[Exercise brief]: Give the data below again exactly as written, but without the pictures.

Records provided START

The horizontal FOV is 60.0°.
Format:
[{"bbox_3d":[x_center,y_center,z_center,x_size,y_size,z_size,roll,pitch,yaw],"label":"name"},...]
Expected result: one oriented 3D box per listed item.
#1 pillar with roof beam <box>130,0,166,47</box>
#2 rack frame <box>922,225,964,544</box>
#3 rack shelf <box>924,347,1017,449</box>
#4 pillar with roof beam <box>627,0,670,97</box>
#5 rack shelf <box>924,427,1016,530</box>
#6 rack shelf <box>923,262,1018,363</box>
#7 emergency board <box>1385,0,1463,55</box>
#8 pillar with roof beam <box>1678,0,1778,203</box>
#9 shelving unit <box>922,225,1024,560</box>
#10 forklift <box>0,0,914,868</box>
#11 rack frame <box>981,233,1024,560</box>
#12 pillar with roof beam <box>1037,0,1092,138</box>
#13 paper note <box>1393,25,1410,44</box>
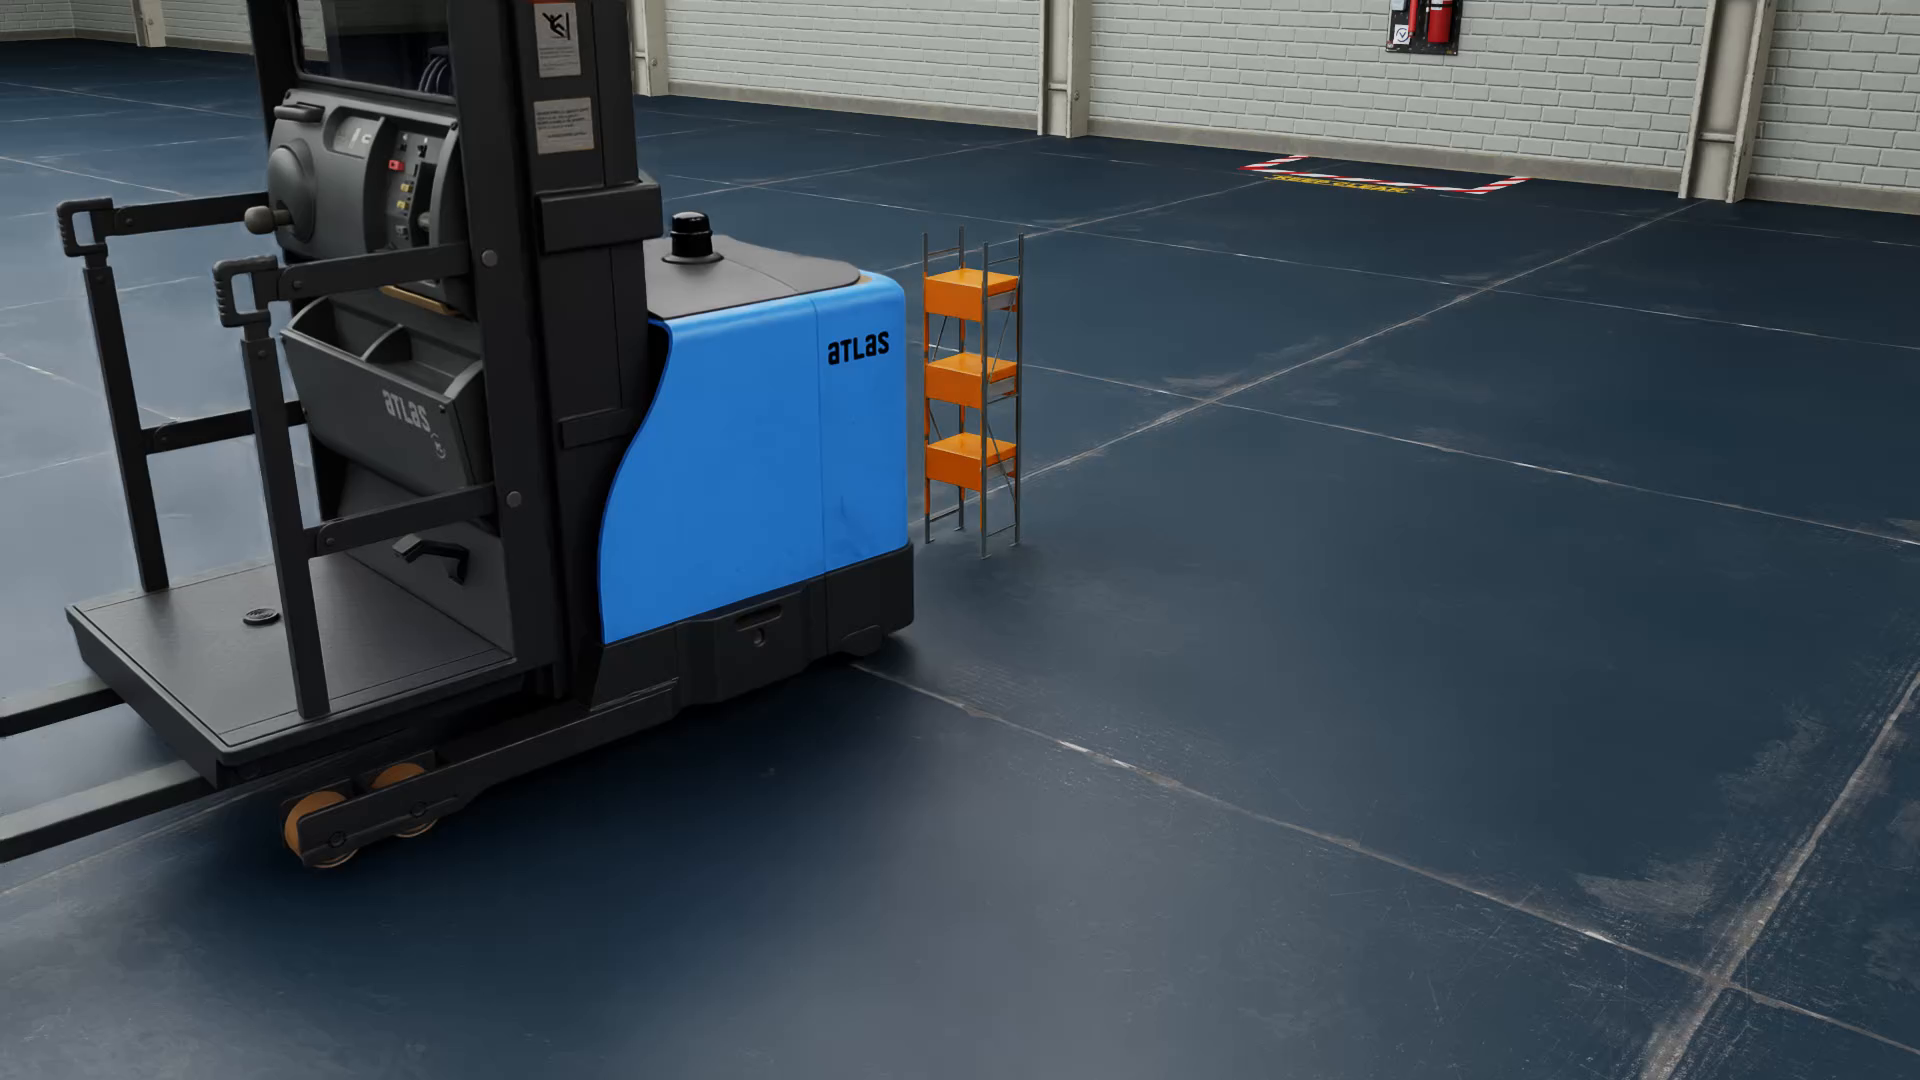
[{"bbox_3d":[-15.674,-10.958,21.973,0.400,9.000,9.100,16,26,36],"label":"pillar with roof beam"},{"bbox_3d":[-0.053,-0.507,5.523,0.008,1.050,0.200,16,26,36],"label":"rack frame"},{"bbox_3d":[0.041,-0.469,5.455,0.240,0.259,0.215,16,26,36],"label":"rack shelf"},{"bbox_3d":[-6.377,-8.281,14.873,0.400,9.000,9.100,16,26,36],"label":"pillar with roof beam"},{"bbox_3d":[0.041,-0.209,5.553,0.240,0.259,0.215,16,26,36],"label":"rack shelf"},{"bbox_3d":[0.041,-0.735,5.355,0.240,0.259,0.215,16,26,36],"label":"rack shelf"},{"bbox_3d":[3.751,-4.535,13.443,0.643,1.169,0.194,16,26,36],"label":"emergency board"},{"bbox_3d":[2.919,-5.603,7.774,0.400,9.000,9.100,16,26,36],"label":"pillar with roof beam"},{"bbox_3d":[0.041,-0.479,5.451,0.252,1.050,0.215,16,26,36],"label":"shelving unit"},{"bbox_3d":[-1.555,-0.845,3.754,3.031,2.935,1.130,-18,27,-40],"label":"forklift"},{"bbox_3d":[0.136,-0.452,5.379,0.008,1.050,0.200,16,26,36],"label":"rack frame"},{"bbox_3d":[-1.729,-6.942,11.324,0.400,9.000,9.100,16,26,36],"label":"pillar with roof beam"},{"bbox_3d":[3.658,-4.181,13.753,0.142,0.148,0.016,16,26,36],"label":"paper note"}]

Records provided END

[Response area]:
The horizontal FOV is 60.0°.
Format:
[{"bbox_3d":[x_center,y_center,z_center,x_size,y_size,z_size,roll,pitch,yaw],"label":"name"},...]
Expected result: one oriented 3D box per listed item.
#1 pillar with roof beam <box>130,0,166,47</box>
#2 rack frame <box>922,225,964,544</box>
#3 rack shelf <box>924,347,1017,449</box>
#4 pillar with roof beam <box>627,0,670,97</box>
#5 rack shelf <box>924,427,1016,530</box>
#6 rack shelf <box>923,262,1018,363</box>
#7 emergency board <box>1385,0,1463,55</box>
#8 pillar with roof beam <box>1678,0,1778,203</box>
#9 shelving unit <box>922,225,1024,560</box>
#10 forklift <box>0,0,914,868</box>
#11 rack frame <box>981,233,1024,560</box>
#12 pillar with roof beam <box>1037,0,1092,138</box>
#13 paper note <box>1393,25,1410,44</box>
[{"bbox_3d":[-15.674,-10.958,21.973,0.400,9.000,9.100,16,26,36],"label":"pillar with roof beam"},{"bbox_3d":[-0.053,-0.507,5.523,0.008,1.050,0.200,16,26,36],"label":"rack frame"},{"bbox_3d":[0.041,-0.469,5.455,0.240,0.259,0.215,16,26,36],"label":"rack shelf"},{"bbox_3d":[-6.377,-8.281,14.873,0.400,9.000,9.100,16,26,36],"label":"pillar with roof beam"},{"bbox_3d":[0.041,-0.209,5.553,0.240,0.259,0.215,16,26,36],"label":"rack shelf"},{"bbox_3d":[0.041,-0.735,5.355,0.240,0.259,0.215,16,26,36],"label":"rack shelf"},{"bbox_3d":[3.751,-4.535,13.443,0.643,1.169,0.194,16,26,36],"label":"emergency board"},{"bbox_3d":[2.919,-5.603,7.774,0.400,9.000,9.100,16,26,36],"label":"pillar with roof beam"},{"bbox_3d":[0.041,-0.479,5.451,0.252,1.050,0.215,16,26,36],"label":"shelving unit"},{"bbox_3d":[-1.555,-0.845,3.754,3.031,2.935,1.130,-18,27,-40],"label":"forklift"},{"bbox_3d":[0.136,-0.452,5.379,0.008,1.050,0.200,16,26,36],"label":"rack frame"},{"bbox_3d":[-1.729,-6.942,11.324,0.400,9.000,9.100,16,26,36],"label":"pillar with roof beam"},{"bbox_3d":[3.658,-4.181,13.753,0.142,0.148,0.016,16,26,36],"label":"paper note"}]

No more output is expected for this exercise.